§ Your objective:
Across the records below, count every line that contains the string "SIGNS", then report the count alone.
Input material below:
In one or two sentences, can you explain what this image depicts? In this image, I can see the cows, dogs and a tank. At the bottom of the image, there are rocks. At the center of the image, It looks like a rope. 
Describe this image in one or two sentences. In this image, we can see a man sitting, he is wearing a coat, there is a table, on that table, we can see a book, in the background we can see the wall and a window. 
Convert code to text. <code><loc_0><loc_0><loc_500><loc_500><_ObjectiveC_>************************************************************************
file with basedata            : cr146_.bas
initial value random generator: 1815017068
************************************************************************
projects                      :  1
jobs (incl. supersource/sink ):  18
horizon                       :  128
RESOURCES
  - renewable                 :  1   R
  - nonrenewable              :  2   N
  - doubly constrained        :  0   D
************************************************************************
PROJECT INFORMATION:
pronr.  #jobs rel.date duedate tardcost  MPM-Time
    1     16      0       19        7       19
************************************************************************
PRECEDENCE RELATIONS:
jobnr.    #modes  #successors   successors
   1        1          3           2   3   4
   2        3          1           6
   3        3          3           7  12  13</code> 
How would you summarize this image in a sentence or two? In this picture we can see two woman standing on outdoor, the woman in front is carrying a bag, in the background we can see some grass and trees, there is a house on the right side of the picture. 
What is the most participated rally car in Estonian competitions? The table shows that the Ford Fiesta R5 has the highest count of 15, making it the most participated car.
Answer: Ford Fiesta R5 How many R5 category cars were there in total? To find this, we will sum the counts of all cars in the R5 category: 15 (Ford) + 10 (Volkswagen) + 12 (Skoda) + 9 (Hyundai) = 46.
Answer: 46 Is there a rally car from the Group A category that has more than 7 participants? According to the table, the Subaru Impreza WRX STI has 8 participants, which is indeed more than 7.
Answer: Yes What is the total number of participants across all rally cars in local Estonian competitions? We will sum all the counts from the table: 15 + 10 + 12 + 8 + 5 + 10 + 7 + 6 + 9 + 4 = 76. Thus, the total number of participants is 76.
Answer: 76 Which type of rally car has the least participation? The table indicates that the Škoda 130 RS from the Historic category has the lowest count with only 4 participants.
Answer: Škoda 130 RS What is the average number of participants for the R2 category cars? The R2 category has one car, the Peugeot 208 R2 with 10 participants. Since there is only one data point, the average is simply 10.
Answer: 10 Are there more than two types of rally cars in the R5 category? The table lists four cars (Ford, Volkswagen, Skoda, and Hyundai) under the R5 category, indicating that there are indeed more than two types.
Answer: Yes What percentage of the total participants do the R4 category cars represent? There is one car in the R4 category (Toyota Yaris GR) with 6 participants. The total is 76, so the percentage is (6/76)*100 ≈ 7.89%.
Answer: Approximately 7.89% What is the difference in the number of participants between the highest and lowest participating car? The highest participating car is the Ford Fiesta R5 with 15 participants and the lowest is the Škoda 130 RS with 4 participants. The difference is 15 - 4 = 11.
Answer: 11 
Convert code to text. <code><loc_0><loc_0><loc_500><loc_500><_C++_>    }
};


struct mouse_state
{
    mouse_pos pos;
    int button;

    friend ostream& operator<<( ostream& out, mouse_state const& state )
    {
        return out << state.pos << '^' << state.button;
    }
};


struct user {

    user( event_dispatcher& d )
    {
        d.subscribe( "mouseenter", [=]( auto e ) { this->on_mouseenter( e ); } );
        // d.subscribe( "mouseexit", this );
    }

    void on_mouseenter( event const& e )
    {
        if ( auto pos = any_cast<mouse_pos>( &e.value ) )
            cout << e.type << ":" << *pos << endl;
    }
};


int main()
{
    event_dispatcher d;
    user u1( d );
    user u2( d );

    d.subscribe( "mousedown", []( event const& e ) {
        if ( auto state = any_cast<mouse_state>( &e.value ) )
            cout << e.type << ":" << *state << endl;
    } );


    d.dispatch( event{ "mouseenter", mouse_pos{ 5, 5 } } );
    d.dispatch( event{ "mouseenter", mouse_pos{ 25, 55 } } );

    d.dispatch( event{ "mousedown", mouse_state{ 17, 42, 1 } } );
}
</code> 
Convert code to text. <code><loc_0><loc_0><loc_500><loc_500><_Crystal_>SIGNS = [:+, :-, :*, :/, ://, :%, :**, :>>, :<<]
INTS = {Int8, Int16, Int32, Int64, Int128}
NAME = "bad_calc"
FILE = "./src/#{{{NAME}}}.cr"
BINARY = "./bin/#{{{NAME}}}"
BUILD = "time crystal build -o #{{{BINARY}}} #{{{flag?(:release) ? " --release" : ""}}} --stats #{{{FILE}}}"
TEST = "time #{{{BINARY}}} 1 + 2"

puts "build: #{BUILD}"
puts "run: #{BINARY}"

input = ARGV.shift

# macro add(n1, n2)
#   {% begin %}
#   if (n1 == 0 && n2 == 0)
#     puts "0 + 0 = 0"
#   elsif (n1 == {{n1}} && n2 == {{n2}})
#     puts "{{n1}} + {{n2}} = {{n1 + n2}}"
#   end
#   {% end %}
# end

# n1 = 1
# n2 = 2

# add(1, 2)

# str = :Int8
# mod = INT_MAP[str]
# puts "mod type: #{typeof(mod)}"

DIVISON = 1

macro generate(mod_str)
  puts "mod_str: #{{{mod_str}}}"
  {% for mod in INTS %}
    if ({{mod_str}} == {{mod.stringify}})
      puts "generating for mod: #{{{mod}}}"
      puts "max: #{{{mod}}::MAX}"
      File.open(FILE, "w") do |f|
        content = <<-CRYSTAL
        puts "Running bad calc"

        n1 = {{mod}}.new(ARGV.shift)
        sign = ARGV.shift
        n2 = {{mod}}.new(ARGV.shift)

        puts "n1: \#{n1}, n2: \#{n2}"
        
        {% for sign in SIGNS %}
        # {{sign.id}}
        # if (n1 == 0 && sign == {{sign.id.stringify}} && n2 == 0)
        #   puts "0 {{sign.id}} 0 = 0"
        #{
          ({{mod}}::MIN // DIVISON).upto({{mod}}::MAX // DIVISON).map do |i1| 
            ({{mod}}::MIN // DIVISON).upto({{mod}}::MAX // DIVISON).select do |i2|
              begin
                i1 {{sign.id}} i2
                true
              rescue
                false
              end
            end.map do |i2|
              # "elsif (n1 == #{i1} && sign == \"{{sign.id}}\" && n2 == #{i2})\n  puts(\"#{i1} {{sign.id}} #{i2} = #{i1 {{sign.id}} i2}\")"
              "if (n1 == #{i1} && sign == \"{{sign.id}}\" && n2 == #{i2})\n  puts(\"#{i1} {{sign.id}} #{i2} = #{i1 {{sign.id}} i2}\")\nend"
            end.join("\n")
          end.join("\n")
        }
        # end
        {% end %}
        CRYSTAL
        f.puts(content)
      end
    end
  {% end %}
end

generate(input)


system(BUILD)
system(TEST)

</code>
End of Input material.
§ Result:
2